Il était le chef le plus étoilé du monde. Il en faisait briller une trentaine aux quatre coins de la planète. Joël Robuchon est parti ce lundi matin en rejoindre d’autres. À 73 ans, il a été emporté des suites d’une longue maladie. Pour tous, il restera l’homme qui fut couronné « cuisinier du siècle » par le Gault et Millau en 1990.

Rien ne prédestinait, pourtant, celui qui a vu le jour à Poitiers le 7 avril 1945 et habitait dans la Grand-Rue à devenir un maestro des fourneaux. Issu d’une famille modeste – son père était maçon, sa mère femme de ménage –, le garçon, très pratiquant, rêvait plutôt d’embrasser une carrière de prêtre. À l’aube de son adolescence, il quitte ses parents pour rejoindre, du haut de ses 12 ans, le petit séminaire de Mauléon, niché dans les Deux-Sèvres. Grâce aux sœurs qui le mettent à contribution aux fourneaux, il a la révélation… pour la cuisine.
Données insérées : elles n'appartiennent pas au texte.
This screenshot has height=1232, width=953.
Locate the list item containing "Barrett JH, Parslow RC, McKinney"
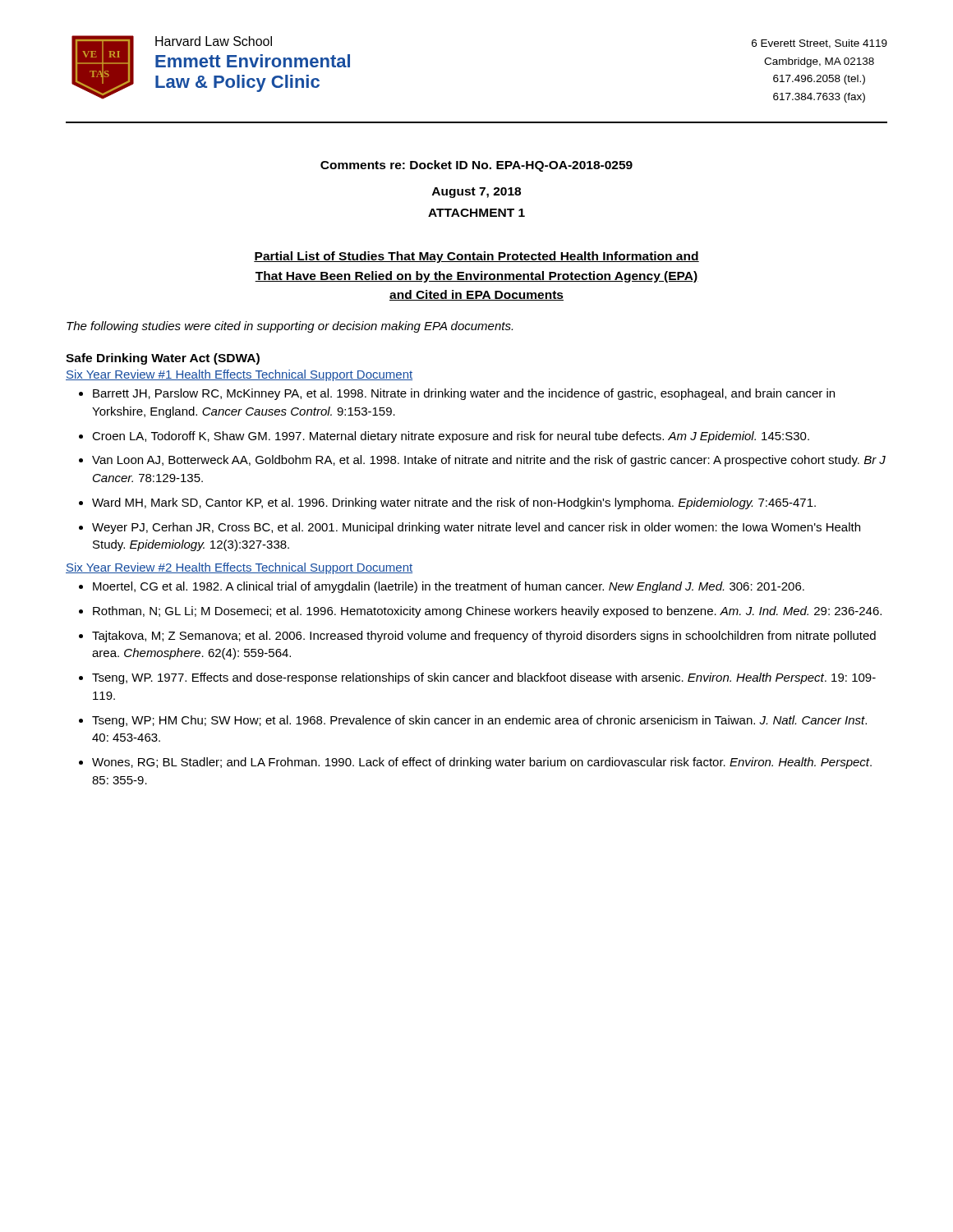pyautogui.click(x=476, y=402)

Sa passion le conduit alors à ses 15 ans chez Robert Auton, au Relais de Poitiers, à Chasseneuil-du-Poitou, où il commence son apprentissage. Le petit Joël ne compte pas ses heures – il arrive tôt chaque matin et repart tard chaque soir – et découvre la magie des classiques d’Auguste Escoffier. Ensorcelé par ce monde qui lui est inconnu, il s’engage à 21 ans comme Compagnon du tour de France avec le sobriquet de « Poitevin la fidélité » au sein de l’organisation. « Ici, on m’a transmis l’amour du travail bien fait », répétait-il souvent. Mais également aux côtés de Jean Delaveyne, son mentor, qui le pousse dans ses retranchements et l’initie à la « nouvelle cuisine ».